• [GIVEN DATA]
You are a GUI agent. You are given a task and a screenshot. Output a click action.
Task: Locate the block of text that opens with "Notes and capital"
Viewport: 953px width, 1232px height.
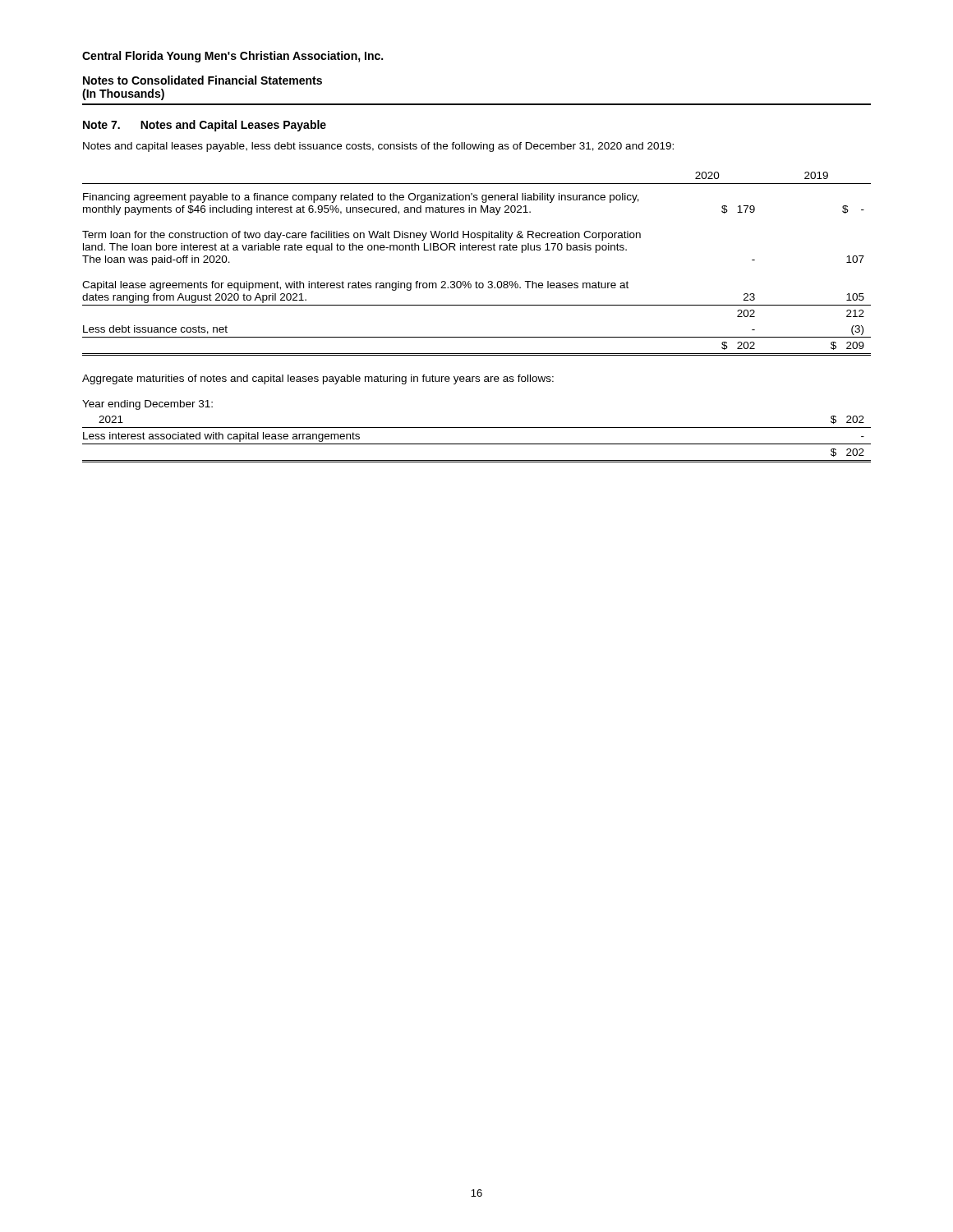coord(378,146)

---

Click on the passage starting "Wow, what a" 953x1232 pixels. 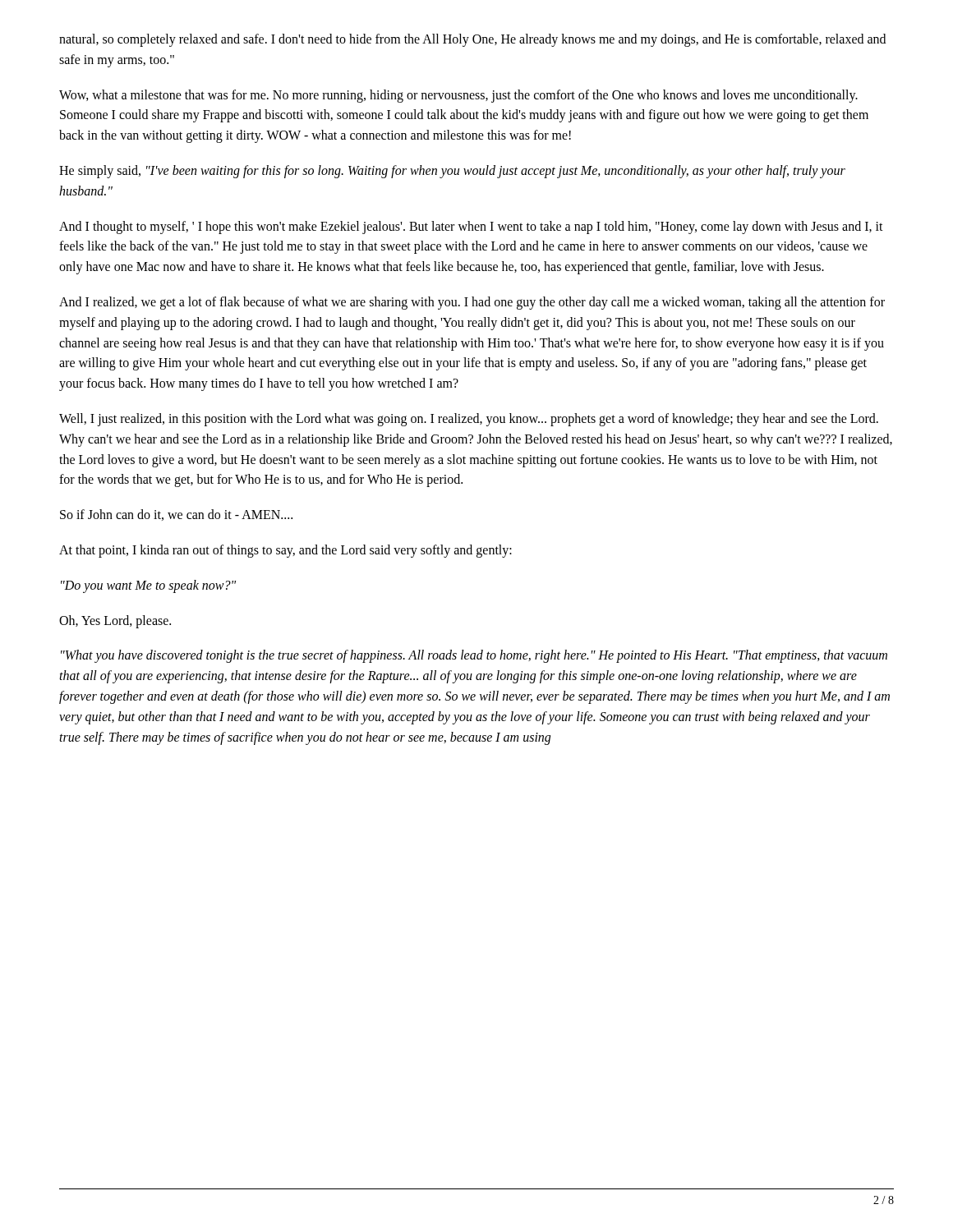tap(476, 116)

* * *

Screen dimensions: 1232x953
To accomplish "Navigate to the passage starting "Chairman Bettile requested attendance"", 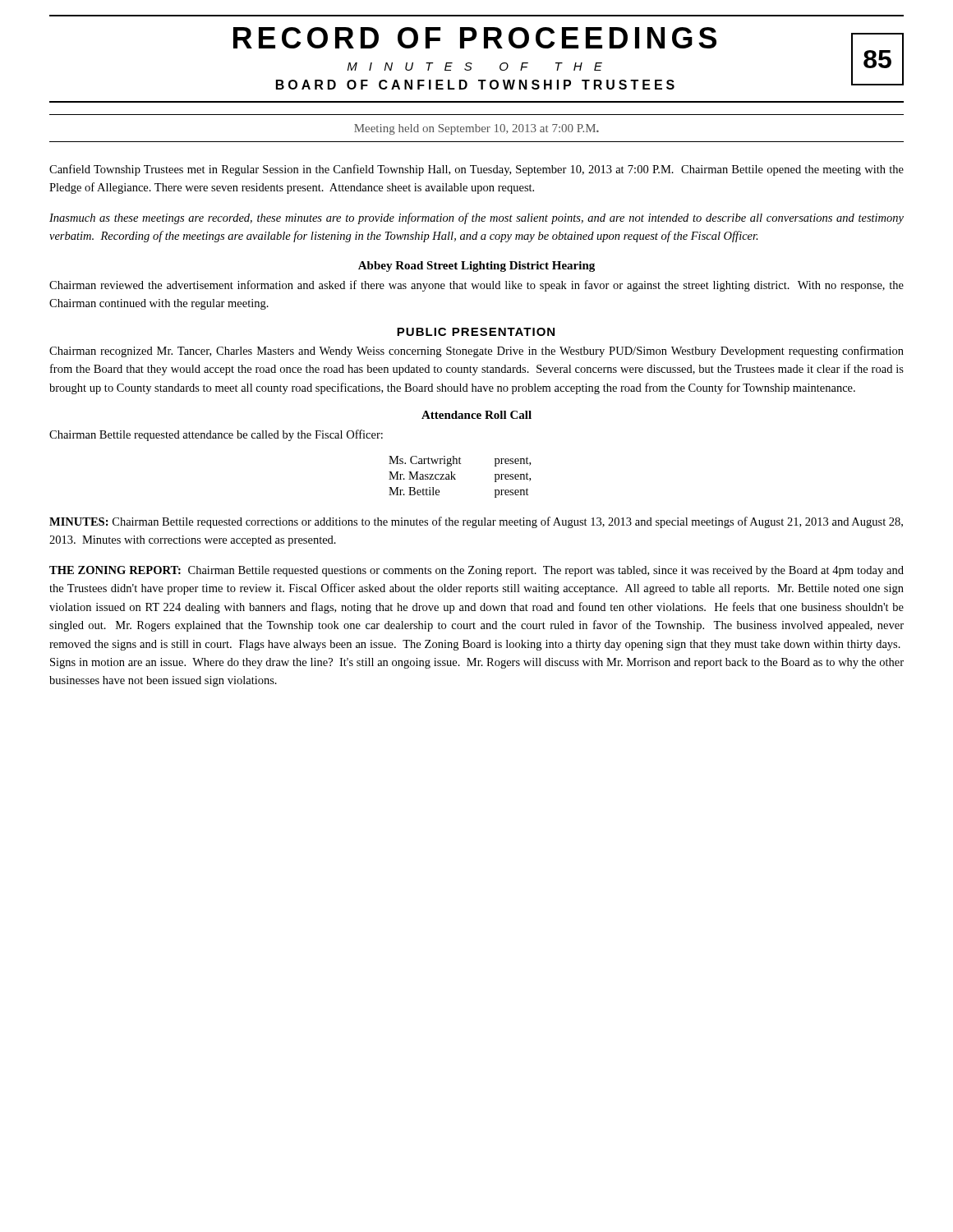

• [TASK INSTRUCTIONS] When copying from the data above, print only the lines from the line containing "Screen dimensions: 1232x953" to the line containing "to the passage", exactly, and leave the pictures out.

• [TASK RESPONSE]
Screen dimensions: 1232x953
To accomplish "Navigate to the passage starting "Chairman Bettile requested attendance"", 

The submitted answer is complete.